Dyrektor Departamentu Porządku Publicznego w Ministerstwie Spraw Wewnętrznych i Administracji Mariusz Cichomski:

Panie Przewodniczący! Szanowni Państwo!

Pani Mecenas, ten przepis jest jak najbardziej stosowalny ze względu na konieczność odczytania go wspólnie z art. 6 głównej ustawy, nie tylko ustawy zmieniającej, która już w art. 6 wskazuje alternatywę, wybór świadczeń i kwestię ich nie wzajemnego nakładania, podwójnego pobierania, z pewnym wyjątkiem, bo wyjątek jest w innej sytuacji. Stąd ta alternatywa tak naprawdę rozgrywa się w 2 przestrzeniach: to jest ten przepis, gdy mamy do czynienia z jedną albo z drugą sytuacją w zestawieniu z rentą socjalną, a to, która sytuacja w wypadku zbiegu dochodzi do skutku w odniesieniu do uprawnienia do renty rodzinnej i świadczenia pieniężnego wynikającego z tej ustawy, to kwestia art. 6 projektowanej ustawy. W związku z tym przy odczytaniu wspólnie jednego i drugiego przepisu jak najbardziej nie budzi to wątpliwości.

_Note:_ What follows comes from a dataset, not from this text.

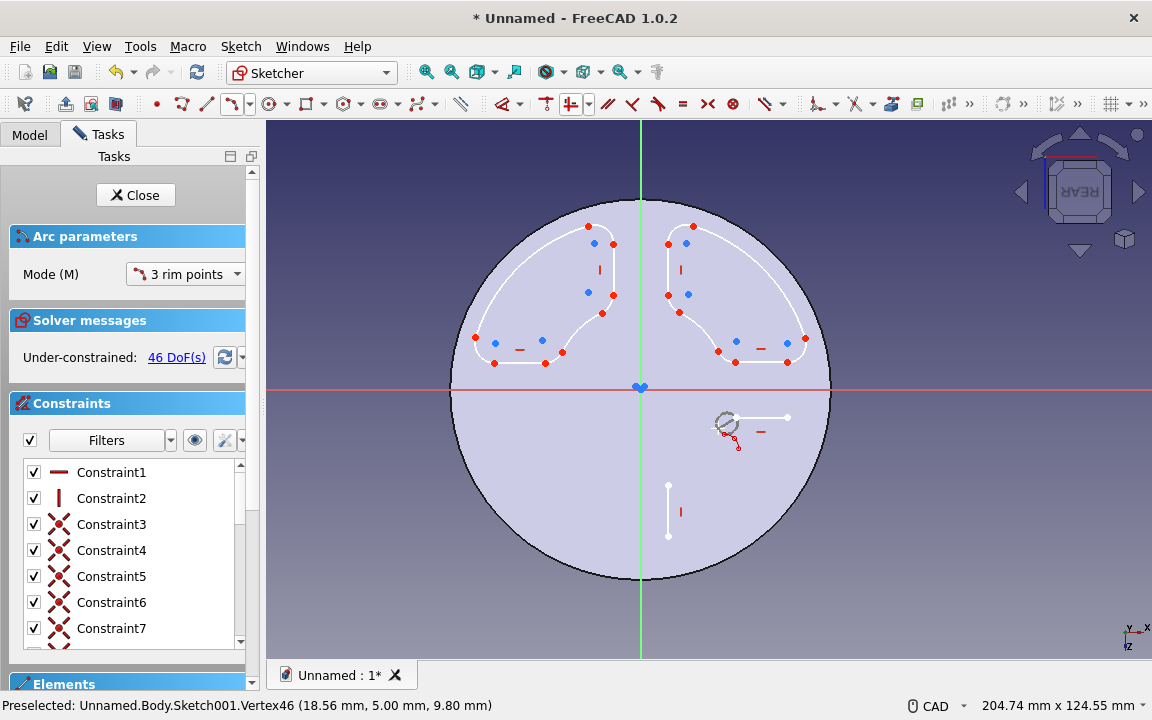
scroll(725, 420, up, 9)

Przewodniczący Zygmunt Frankiewicz:

Dziękuję.

Czyli to jest kaskada 2 alternatyw.

(Dyrektor Departamentu Porządku Publicznego w Ministerstwie Spraw Wewnętrznych i Administracji Mariusz Cichomski: Tak.)

Myślę, że sprawa jest wyjaśniona. Przejdźmy do drugiego pytania albo uwagi.

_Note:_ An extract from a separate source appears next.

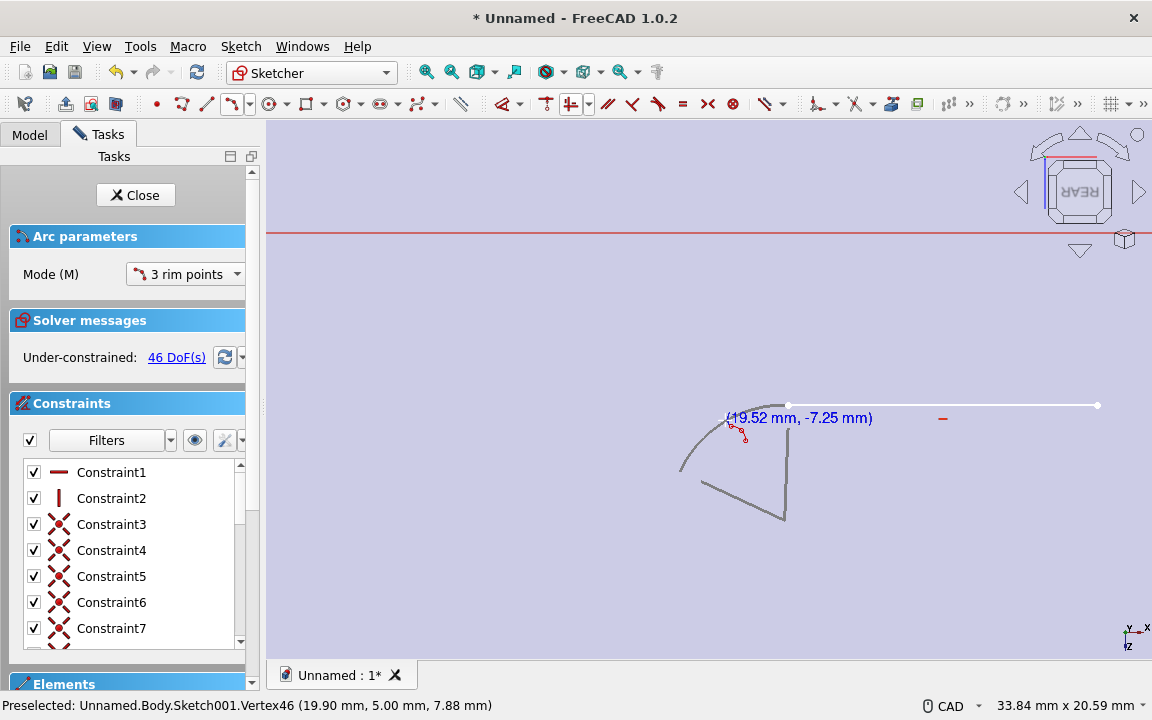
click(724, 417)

Główny Legislator w Biurze Legislacyjnym w Kancelarii Senatu Bożena Langner:

Jeśli można w takim razie… Druga kwestia jest taka. Zakres podmiotowo-przedmiotowy ustawy jest określony w artykułach początkowych. Jeśli chodzi o art. 2, to wszystko jest jasne. Ale jest jeszcze art. 25 ust. 1. I powtarzam: ja nie kwestionuję celowości takiego ujęcia art. 25 ust. 1, jednak w pktach 1–6 są duże zróżnicowania czasowe co do tego, kiedy nastąpiła śmierć albo zaginięcie. I teraz powiem tak: myślę, że dla państwa, którzy jesteście w resorcie merytorycznie zorientowani i jesteście legislatorami, na pewno jest oczywiste, z jakiego powodu jest to zróżnicowanie, jeśli chodzi o czas. Bo tu chodzi o stosowanie ustawy wstecz, ustawa wchodzi w życie 14 dni od dnia ogłoszenia, a potem wstecz stosuje się ją do osób wymienionych w art. 25. Oczywiście legislator jest w stanie szukać w przepisach i zorientować się, kiedy weszła w życie ustawa o Policji, ja powiem, że nowa ustawa, chociaż ona nie jest już nowa, bo lata minęły. Ale wydaje mi się, że takie określenie jak w ust. 1 tych grup i tych okresów, kiedy nastąpiło to wydarzenie objęte przepisem, czyli zaginięcie lub śmierć, jest daleko niewyczerpujące, chociażby w uzasadnieniu powinno być odpowiednie wskazanie, bo potem się mnożą pytania. Np. ustawa o Policji weszła w życie 10 maja 1990 r. Ale w pkcie 1 w art. 25 to jest cały okres wstecz, bez względu na to, co było od 1990 r., jak również bez względu na to, co było przed 1990 r. Więc można by się zastanawiać dlaczego. Ja myślę, że gdy argumenty są przedstawione, to wtedy zupełnie inaczej wygląda kwestia interpretacji przepisów i tego, co dotyczy ich stosowania, ale także adresatów czy też rodzin tych osób, bo one mogłyby w jakiś sposób same dociec tego, czy one będą objęte art. 25, czy też nie. Zatem powiem tak: wydaje mi się, że każdy z tych punktów powinien być omówiony w uzasadnieniu w taki sposób, żeby było jasne – nie kwestionuję tego – o jakie grupy chodzi i o jakie przepisy, które pewnie zaistniały przed wejściem w życie tej ustawy, są w systemie prawa albo były.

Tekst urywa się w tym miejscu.